Southern Comfort

Un grupo de soldados de la Guardia Nacional de los Estados Unidos se encuentra realizando unas prácticas en los pantanos del estado de Louisiana. Tras desorientarse, deciden tomar prestadas unas canoas para cruzar una de las numerosas áreas húmedas del lugar, pero ello no se lo toman demasiado bien unos lugareños que deciden ir a por los soldados y darles caza. Perdidos, sin víveres ni agua, sin conocer el terreno y sin un líder, los soldados vivirán una auténtica pesadilla siendo presas de unos hombres desconocidos que no parecen tener otro fin más que el de acabar con sus vidas. Se trata de una de las películas más conseguidas del cineasta norteamericano Walter Hill, co-escrita con su habitual David Giler (ambos se encargaron de darle el toque final al guión de “Alien” (1979), de la que además fueron productores), que en ocasiones, por su brutalidad y ambientación en lo más profundo del sur de los Estados Unidos, ha sido comparada con la obra maestra de John Boorman, “Deliverance” (1972). Sea o no acertada la comparación, lo cierto es que especialmente el tramo final de “Southern Comfort” raya a un gran nivel, con una excelente administración del suspense por parte de Hill, siendo un film que sin duda va de menos a más a lo largo de su proyección. Peter Coyote, Keith Carradine, Powers Boothe, Brion James o Fred Ward son algunos de los populares rostros del reparto del film.

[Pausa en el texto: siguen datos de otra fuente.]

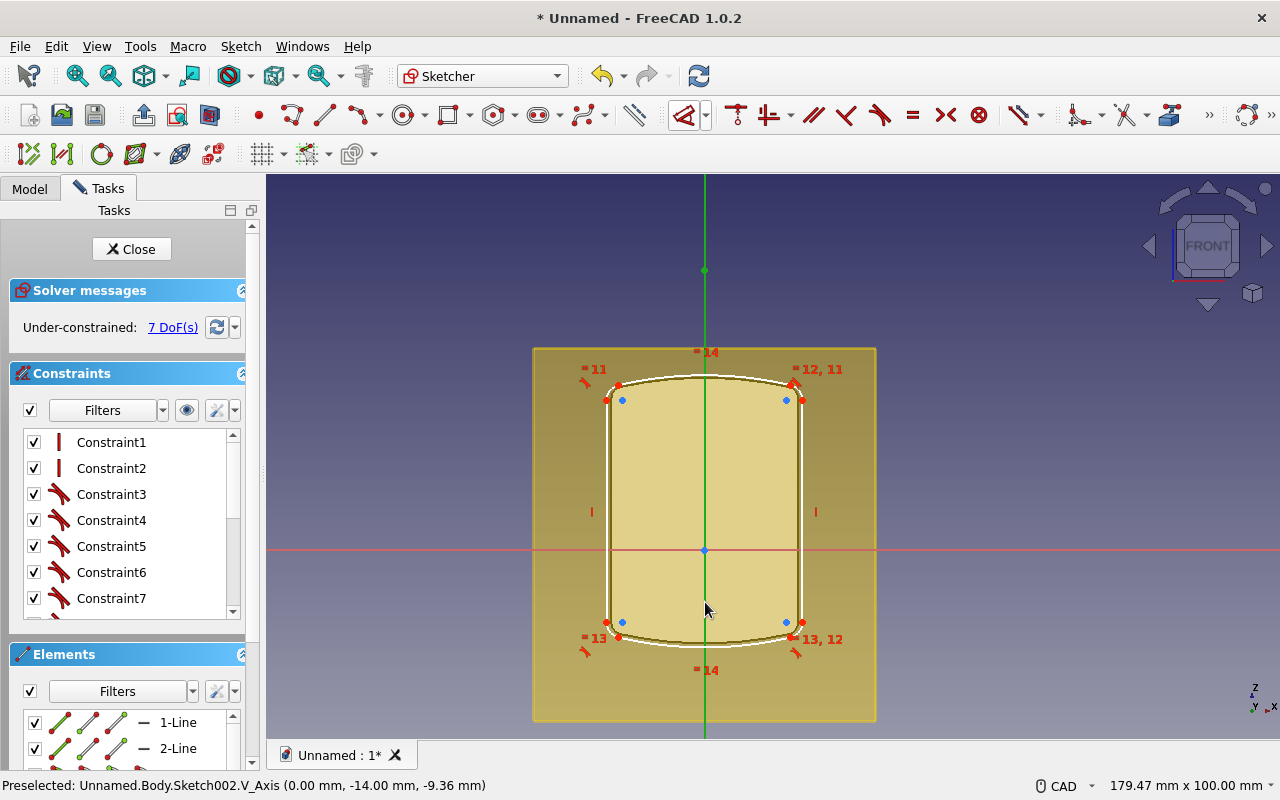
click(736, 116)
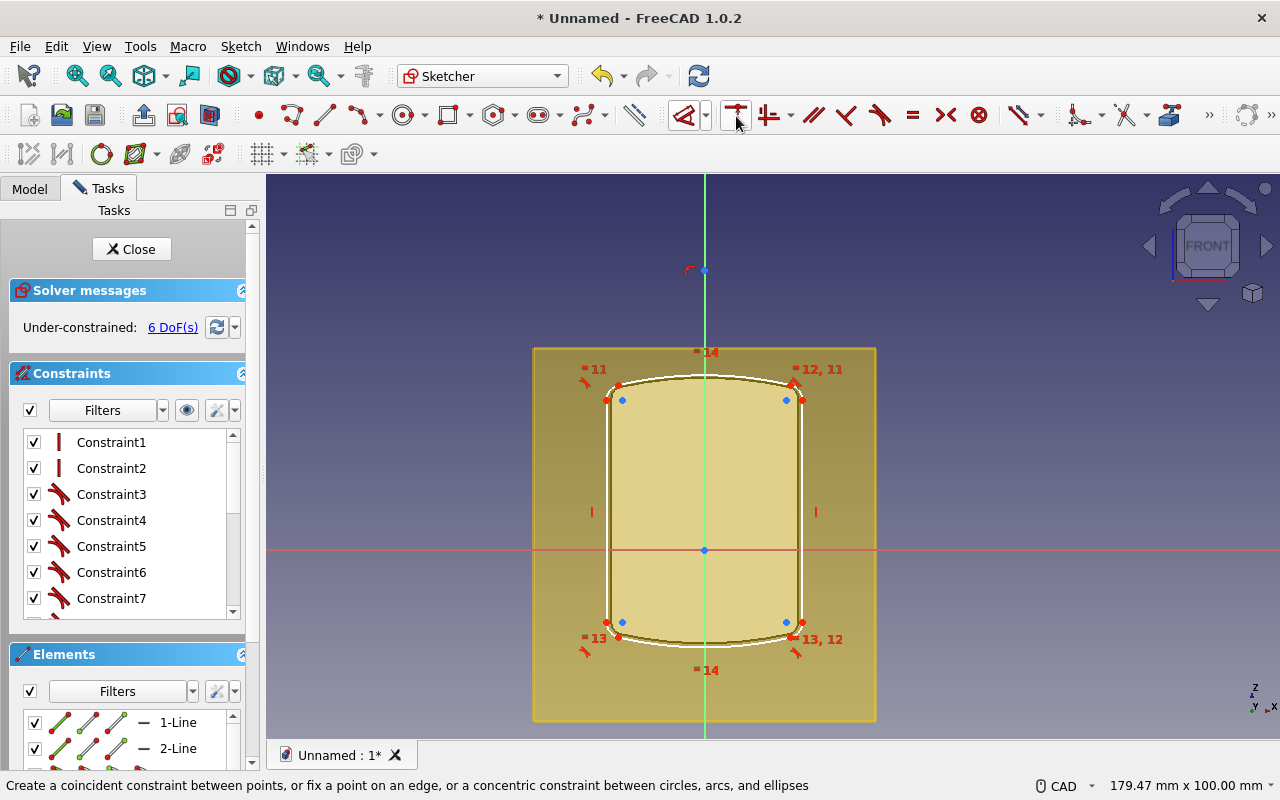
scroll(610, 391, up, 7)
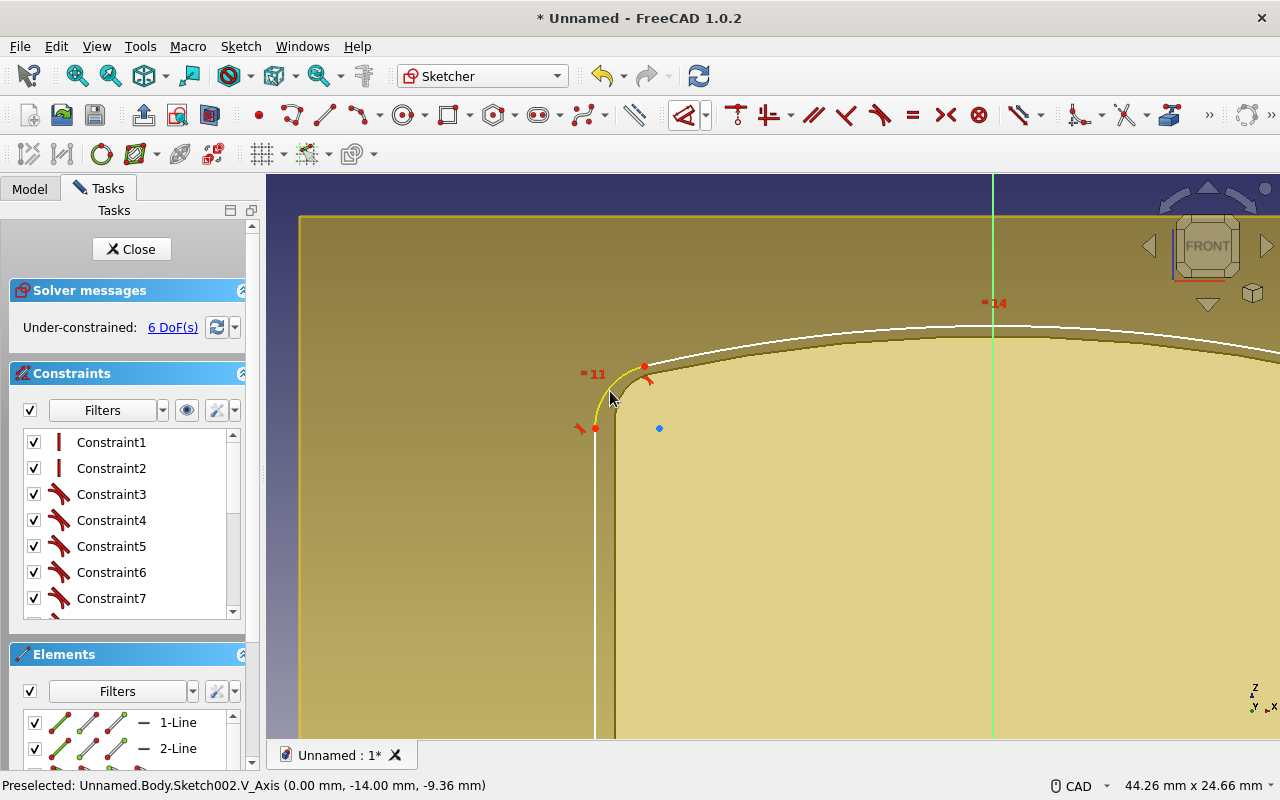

El director de fotografía fue el húngaro Andrew Laszlo [ASC], un operador cuyo nombre no sea demasiado conocido e incluso puede ser confundido con el de su compatriota –y hombre de más fama y prestigio- Ernest Laszlo, con el que no guardaba relación. Emigró a EEUU con 21 años de edad y, sin hablar una palabra de inglés, comenzó a realizar trabajos de fotografía que posteriormente le llevaron a trabajar en televisión durante de la década de los 60. Desde este medio dio el salto al cine, trabajando para Francis Coppola en 1965 (“You are a Big Boy Now”), William Friedkin (“The Night They Raided Minsky’s”, 1966) o Herbert Ross (“The Own and the Pussycat, 1970), en la que tuvo que sustituir a Harry Stradling Sr. tras su fallecimiento durante el rodaje. Su relación de trabajo más satisfactoria es la que tuvo precisamente con Walter Hill, con títulos como “The Warriors” (1979) y “Streets of Fire” (1984) además del presente. También se hizo cargo, con grandes resultados, de “First Blood” (Ted Kotcheff, 1982) y en la parte final de su carrera, de algunos films con complicados efectos, como “Poltergeist II: The Other Side” (Brian Gibson, 1986), “Innerspace” (Joe Dante, 1987) o “Star Trek V: The Last Frontier” (William Shatner, 1989).

De todos estos films, la estética de “Southern Comfort” vendría a ser un claro antecedente de la de “First Blood”, la primera de las aventuras cinematográficas de Sylvester Stallone encarnando a John Rambo, solo que en esta ocasión, como en casi toda su filmografía, Walter Hill prescindió del formato panorámico anamófico. Al igual que “Deliverance“, “Southern Confort” fue rodada en lugares de dificil acceso y complicada logística, “Southern Comfort” debió de resultar una película complicada para Andrew Laszlo y todos aquéllos que participaron en la misma. El film destaca por su paleta de tonos ocre, marrones y grises que ofrecen un aspecto otoñal, que se complementa bien además con un rodaje que casi siempre se produjo evitando la luz solar directa, ya sea mediante telas y sedas suspendidas sobre los actores para cortarla y difuminarla, o porque la producción se encontró con jornadas de rodaje con ese clima, principalmente.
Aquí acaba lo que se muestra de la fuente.